His name was Dennis. He'd just turned eight. She'd just put his picture in the book this morning. And yes, she'd have the boy's caseworker get in touch with my caseworker. But… she cautioned… remember that there might be other families interested too. And remember, the department matches from the child's side.

I didn't hear any of that. I heard the words, but not the cautions.

I pushed hard and they set up a meeting to see if the match would work. But they cautioned me ahead of time — "this might not be the child you're looking for. He's classified as 'hard-to-place. He's hyperactive and he's been emotionally abused and he may have fetal alcohol effects and he's been in eight foster homes, he's never had a family of his own…."

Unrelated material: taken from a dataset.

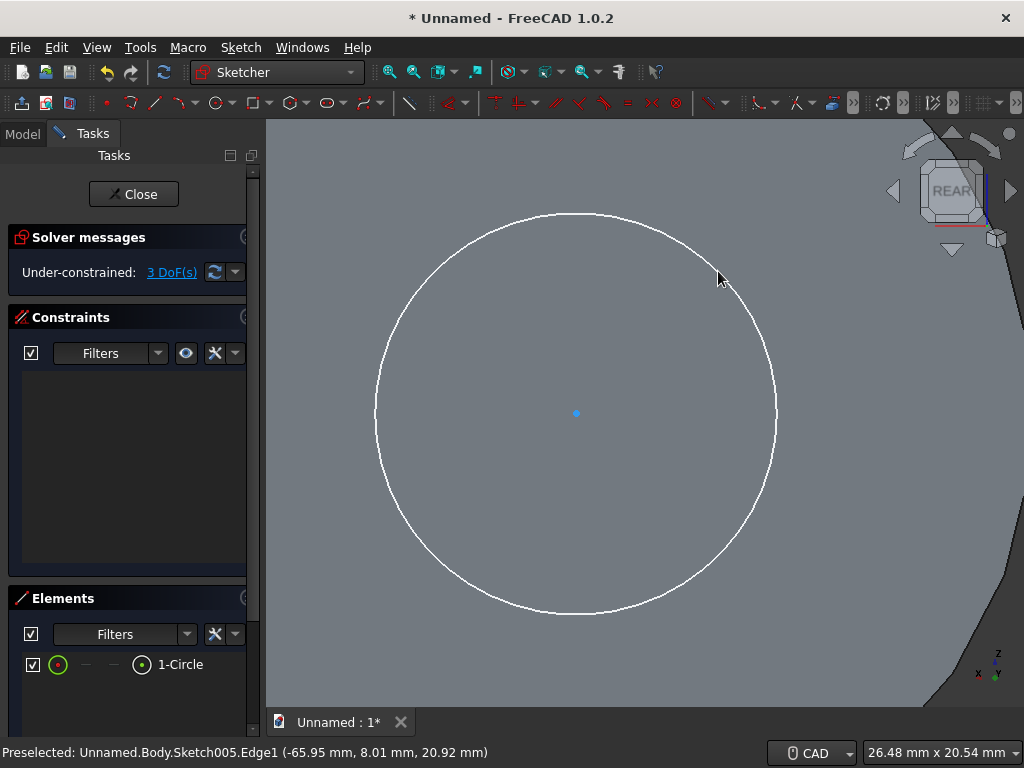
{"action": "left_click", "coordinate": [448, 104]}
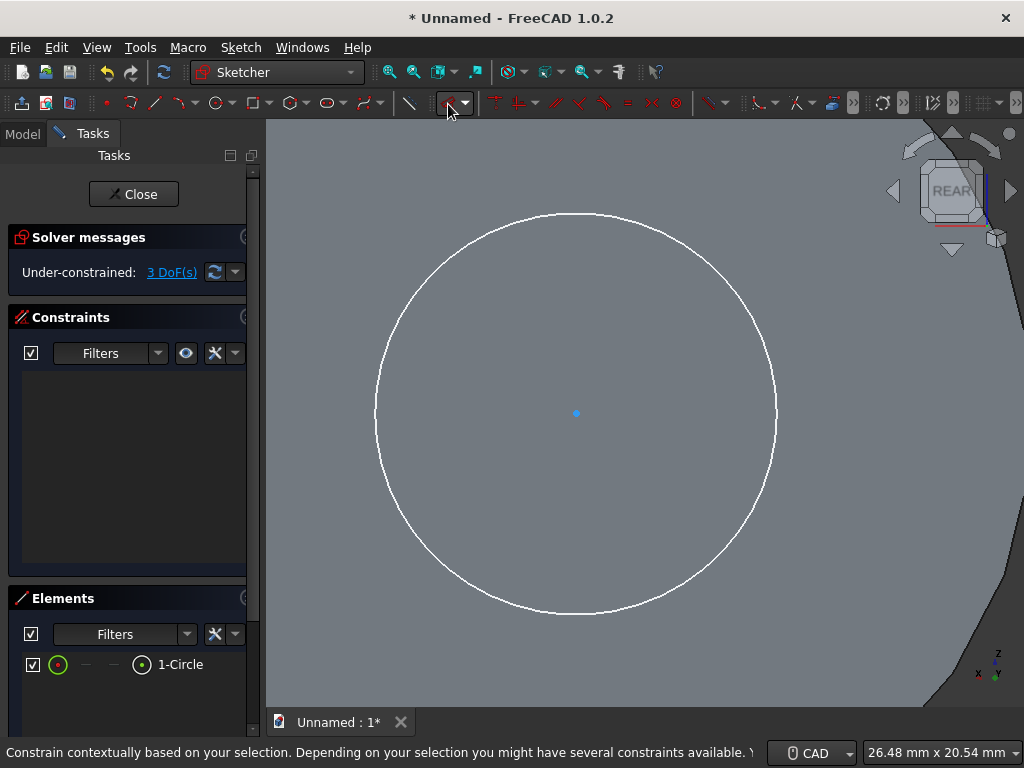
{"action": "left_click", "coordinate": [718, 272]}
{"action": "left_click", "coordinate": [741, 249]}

I didn't hear a word of it. I simply refused to listen. The boy in the picture had grabbed my heart so completely that I'd suddenly expanded all my definitions of what I was willing to accept.

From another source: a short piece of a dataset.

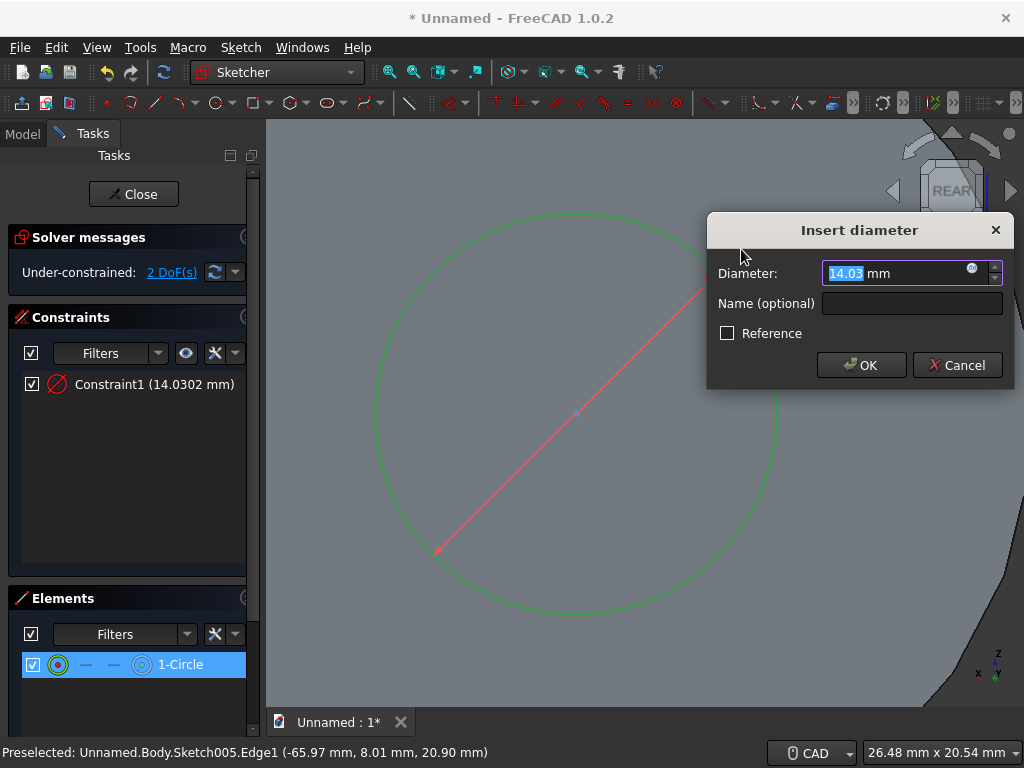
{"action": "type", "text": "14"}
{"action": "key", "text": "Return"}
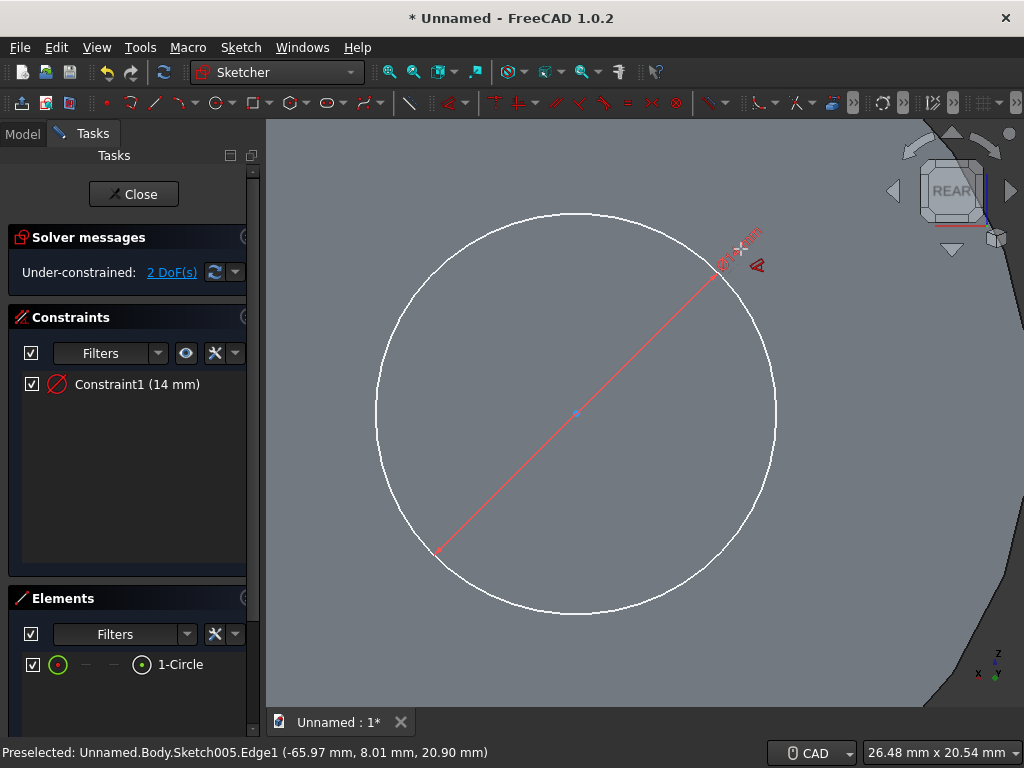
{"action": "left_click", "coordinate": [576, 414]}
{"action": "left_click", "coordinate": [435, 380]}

I posted messages on CompuServe asking for information and advice on adoption, on attention deficit hyperactivity disorder, on emotional abuse recovery, on everything I could think of — what were this child's chances of becoming an independent adult? I called the Adoption Warm Line and was referred to parents who'd been through it. I hit the bookstores and the libraries. I called my cousin, the doctor, and he faxed me twenty pages of reports. And I came into the meeting so well-papered and full of theories and good intentions that I must have looked the perfect jerk.

And now… it was over.

I leaned my head against the passenger side window of my sister's car and moaned. "Dammit. I'm so tired of being pregnant. Thirteen months is long enough for any man! I've got the baby blues so bad, I can't even go to the supermarket anymore. I find myself watching other people with their children and the tears start welling up in my eyes. I keep thinking 'Where's mine?"